Mysql trigger events in a row based master-slave replication on slave-side


I do have a MySQL Master-Slave database and a process on the slave-side which listens to the latest updates from the Slave DB and acts accordingly. I also wrote a trigger on the slave-side to update another table (which the process is listening to).

delimiter #
CREATE  TRIGGER on_insert AFTER INSERT ON test
FOR EACH ROW
BEGIN 
    INSERT INTO Ins_table 
    VALUES(NEW.firstname, NEW.id);
end#
delimiter ;

I inserted the trigger on the Slave server (not on the Master because I am using row-based replication). The process checks the "Ins_table" every 10 seconds to obtain new records. The replication happens perfectly fine. However, the trigger on the slave-side never works. I have tested above triggers in a separate database (with no replication), and it works without any issue. Can you please help me to understand why the triggers after insert do not function on the slave-side of a row-based Master-Slave replication?


Solution

  • That is the expected behaviour for row-based replication, see mysql documentation

    Replication and Triggers

    With statement-based replication, triggers executed on the master also execute on the slave. With row-based replication, triggers executed on the master do not execute on the slave. Instead, the row changes on the master resulting from trigger execution are replicated and applied on the slave.

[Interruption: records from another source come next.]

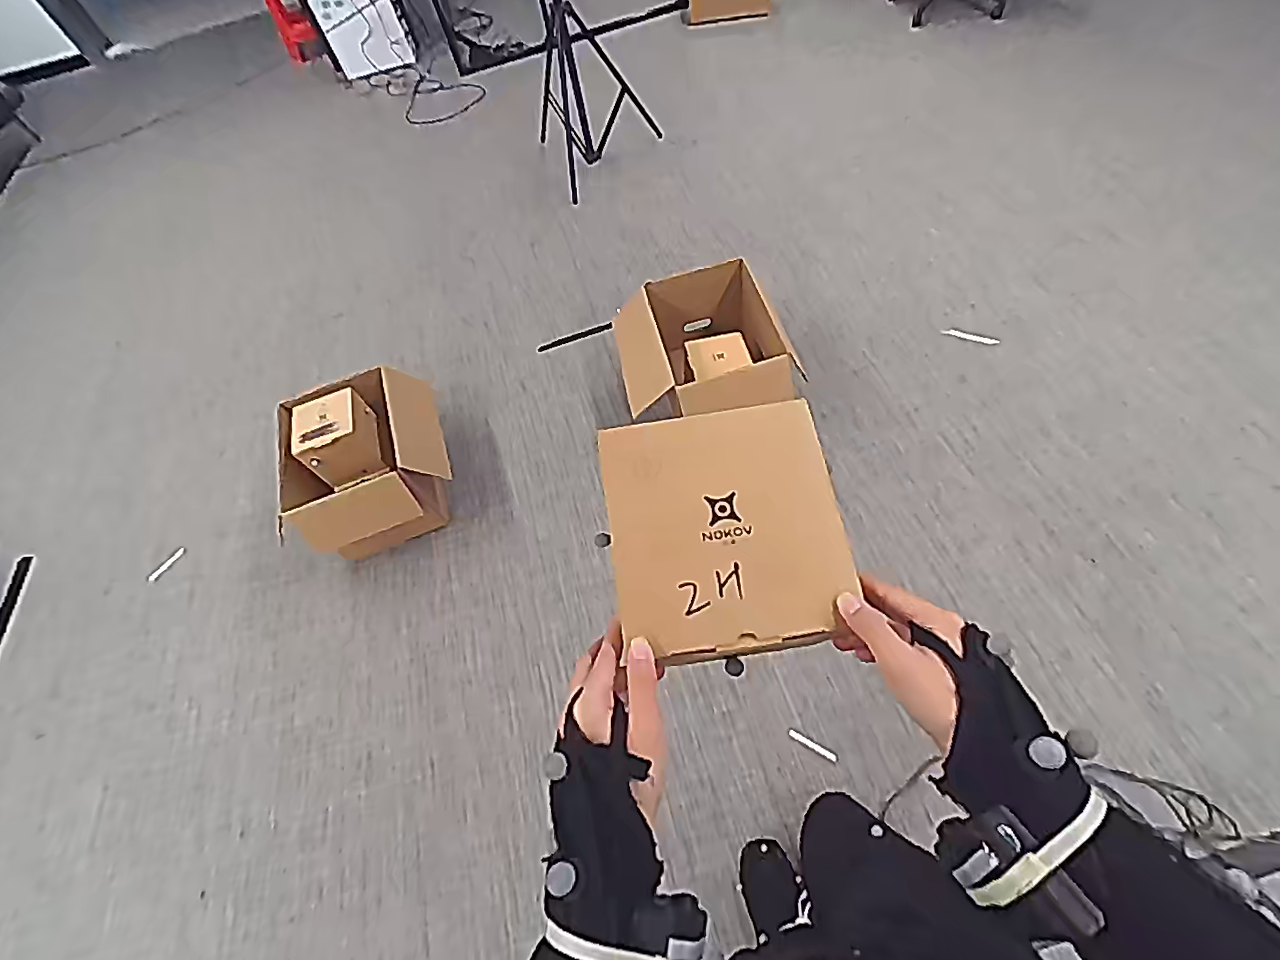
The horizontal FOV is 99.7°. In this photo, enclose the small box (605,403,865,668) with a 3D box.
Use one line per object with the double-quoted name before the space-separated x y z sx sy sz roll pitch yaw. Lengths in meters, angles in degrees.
"small box" 0.065 0.058 0.468 0.168 0.176 0.179 -9 69 1
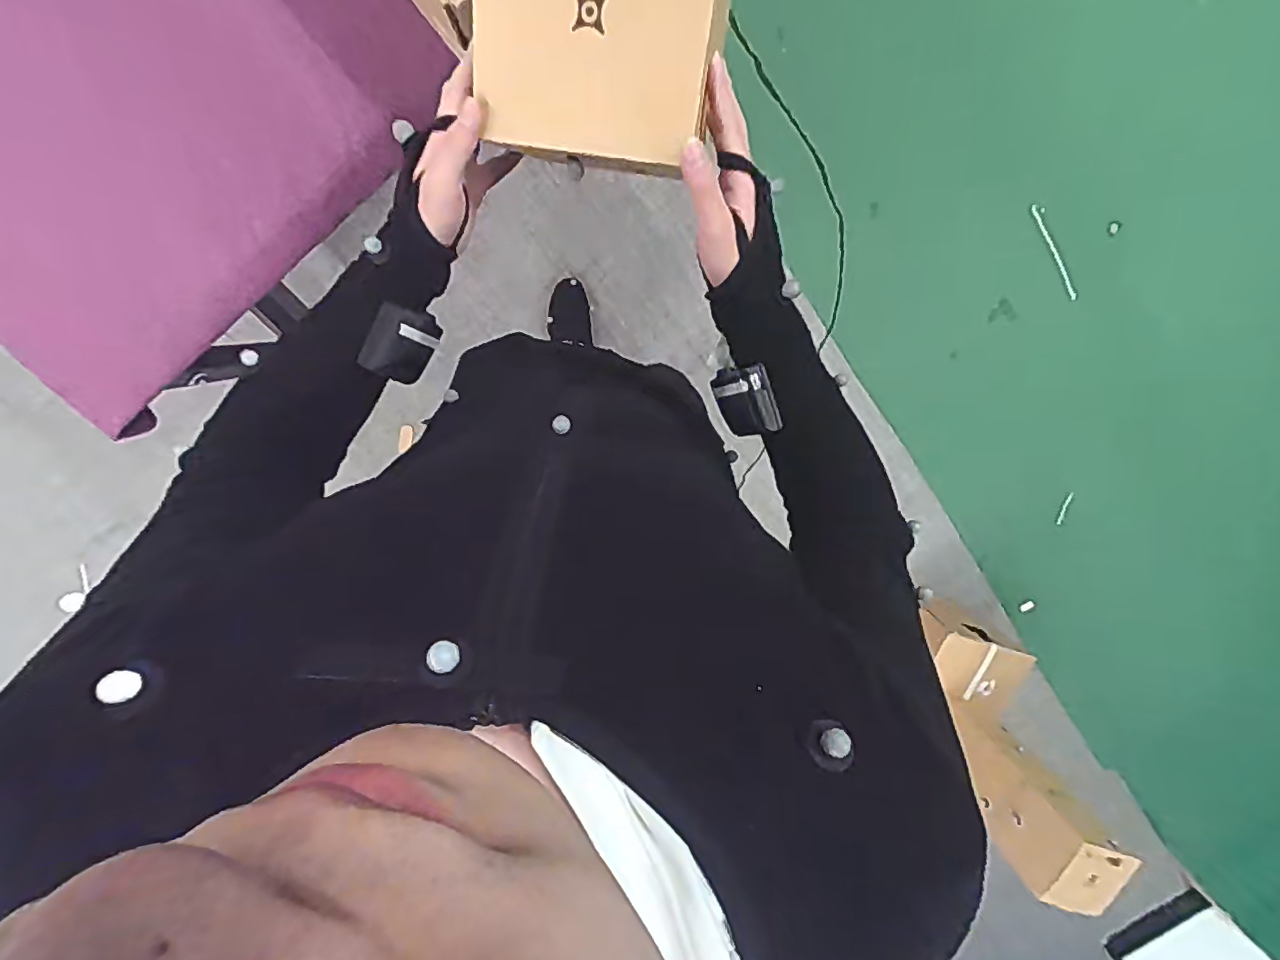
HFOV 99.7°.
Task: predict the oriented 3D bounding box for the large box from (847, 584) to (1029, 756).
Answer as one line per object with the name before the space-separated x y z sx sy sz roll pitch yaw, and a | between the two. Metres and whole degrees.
large box | 0.952 0.618 1.782 0.320 0.320 0.408 17 103 -11

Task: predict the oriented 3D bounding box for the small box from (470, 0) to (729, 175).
small box | -0.021 -0.354 0.429 0.168 0.176 0.179 10 116 5

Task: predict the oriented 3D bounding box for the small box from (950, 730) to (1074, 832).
small box | 0.950 0.793 1.404 0.168 0.176 0.179 22 103 -11

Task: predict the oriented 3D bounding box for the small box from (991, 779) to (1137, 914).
small box | 0.960 0.839 1.247 0.168 0.176 0.179 22 104 -11

    This behavior is by design. If under row-based replication the slave applied the triggers as well as the row changes caused by them, the changes would in effect be applied twice on the slave, leading to different data on the master and the slave.

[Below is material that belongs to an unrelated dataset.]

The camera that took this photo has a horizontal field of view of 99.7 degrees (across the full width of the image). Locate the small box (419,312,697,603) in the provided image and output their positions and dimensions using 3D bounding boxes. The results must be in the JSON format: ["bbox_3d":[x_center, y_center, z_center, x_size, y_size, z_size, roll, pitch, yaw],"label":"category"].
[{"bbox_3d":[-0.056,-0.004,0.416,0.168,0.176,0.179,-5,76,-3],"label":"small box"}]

    If you want triggers to execute on both the master and the slave—perhaps because you have different triggers on the master and slave—you must use statement-based replication. However, to enable slave-side triggers, it is not necessary to use statement-based replication exclusively. It is sufficient to switch to statement-based replication only for those statements where you want this effect, and to use row-based replication the rest of the time.